LUBOLD v. UNIVERSITY VETERINARY SPECIALISTS, LLC et al
ORDER granting in part and denying in part 11 Defendants' Motion to Dismiss for Failure to State a Claim; denying 11 Defendants' Motion to Dismiss for Lack of Jurisdiction; granting 11 Defendants' Motion to Strike paragraphs 11 and 49 of Plaintiff's Complaint. The Court further ORDERS Defendants to file an Answer to paragraphs 1-10, 12-48, and 50-62 of Plaintiffs Complaint on or before July 17, 2017. Signed by Judge Arthur J. Schwab on 6/30/2017. (lmt)
IN THE UNITED STATES DISTRICT COURT
FOR THE WESTERN DISTRICT OF PENNSYLVANIA
RORY L. LUBOLD,
SPECIALISTS, LLC, ANTHONY HORBAL,
MEMORANDUM ORDER OF COURT
Before the Court is Defendants’ Motion to Dismiss Plaintiff’s Complaint or in the
alternative, Motion to Strike portions of the Complaint. Doc. no. 11. Plaintiff filed a Response
in Opposition to same. Doc no. 17.
For the reasons set forth more fully herein, the Court will grant, in part, the Motion to
Dismiss and will grant the Motion to Strike two paragraphs of the Complaint.
I. STANDARDS OF REVIEW
A. Motion to Dismiss – Fed. R.Civ. P. 12(b)(6)
Under Rule 12(b)(6), a Complaint must be dismissed for “failure to state a claim upon
which relief can be granted.” Detailed factual pleading is not required – Rule 8(a)(2) calls for a
“short and plain statement of the claim showing that the pleader is entitled to relief” – but a
Complaint must set forth sufficient factual allegations that, taken as true, set forth a plausible
claim for relief. Ashcroft v. Iqbal, 556 U.S. 662, 678 (2009). The plausibility standard does not
require a showing of probability that a claim has merit, Bell Atlantic Corp. v. Twombly, 550 U.S.
544, 556 (2007), but it does require that a pleading show “more than a sheer possibility that a
defendant has acted unlawfully.” Iqbal, 556 U.S. at 678. Determining the plausibility of an
alleged claim is “a context-specific task that requires the reviewing court to draw on its judicial
experience and common sense.” Id. at 679
Building upon the landmark United States Supreme Court decisions in Twombly and
Iqbal, the United States Court of Appeals for the Third Circuit explained that a District Court
must undertake the following three steps to determine the sufficiency of a complaint:
First, the court must take note of the elements a plaintiff must plead to state a claim.

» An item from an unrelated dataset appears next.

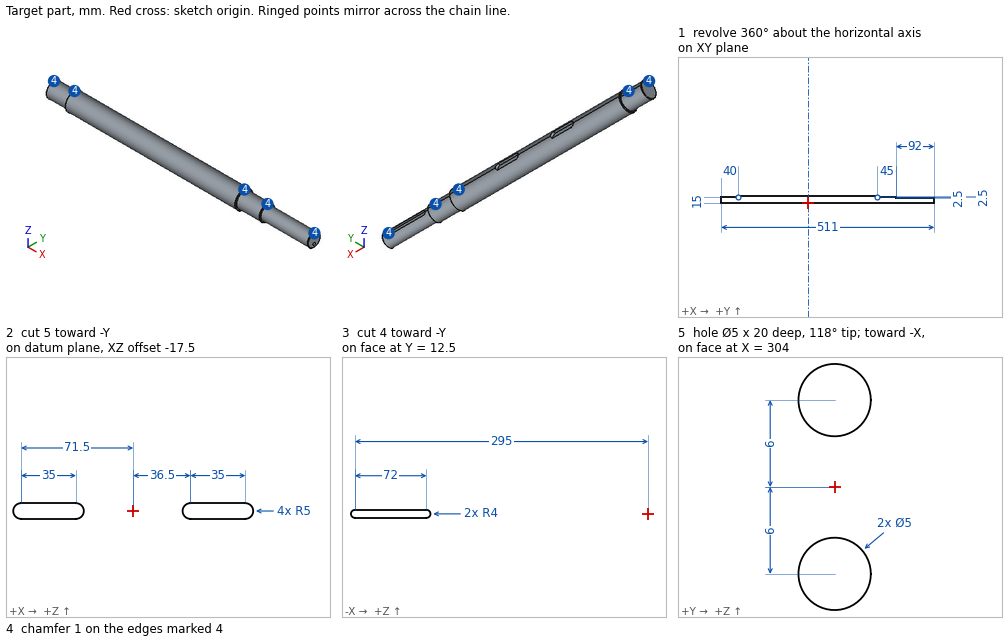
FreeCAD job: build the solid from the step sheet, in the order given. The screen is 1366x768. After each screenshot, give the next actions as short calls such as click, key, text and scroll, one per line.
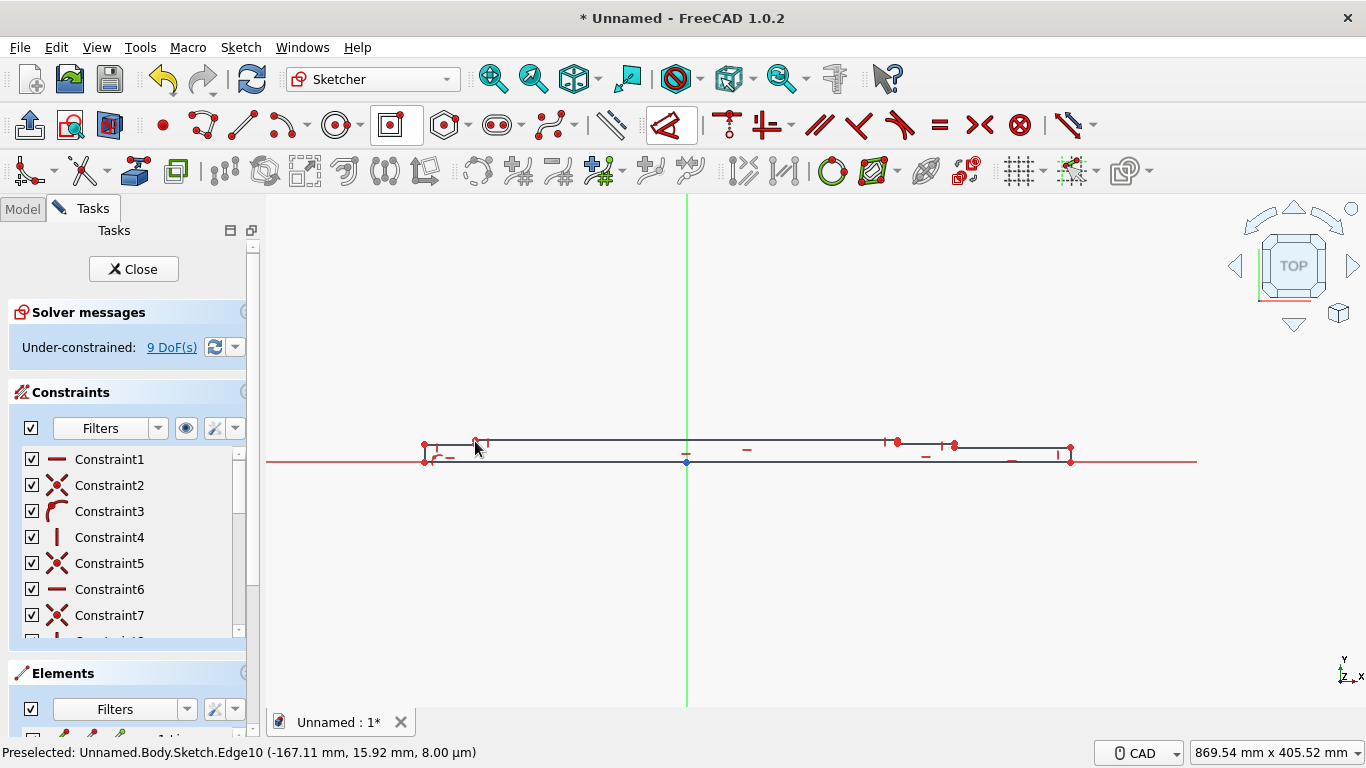
scroll(475, 445, up, 6)

Second, the court should identify allegations that, because they are no more than conclusions, are
not entitled to the assumption of truth. Finally, where there are well-pleaded factual allegations,
a court should assume their veracity and then determine whether they plausibly give rise to an
entitlement for relief. Connelly v. Steel Valley Sch. Dist., 706 F.3d 209, 212 (3d Cir. 2013)
The third step requires this Court to consider the specific nature of the claims presented
and to determine whether the facts pled to substantiate the claims are sufficient to show a
“plausible claim for relief.” Covington v. Int’l Ass’n of Approved Basketball Officials, 710 F.3d
114, 118 (3d Cir. 2013); see also Santiago v. Warminster Twp., 629 F.3d 121, 130 (3d Cir. 2010)
(In reference to third step, “where there are well-pleaded factual allegations, the court should
assume their veracity and then determine whether they plausibly give rise to an entitlement for
When adjudicating a Motion to Dismiss for failure to state a claim, the Court must view
all of the allegations and facts in the Complaint in the light most favorable to the plaintiff, and
must grant the plaintiff the benefit of all reasonable inferences that can be derived therefrom.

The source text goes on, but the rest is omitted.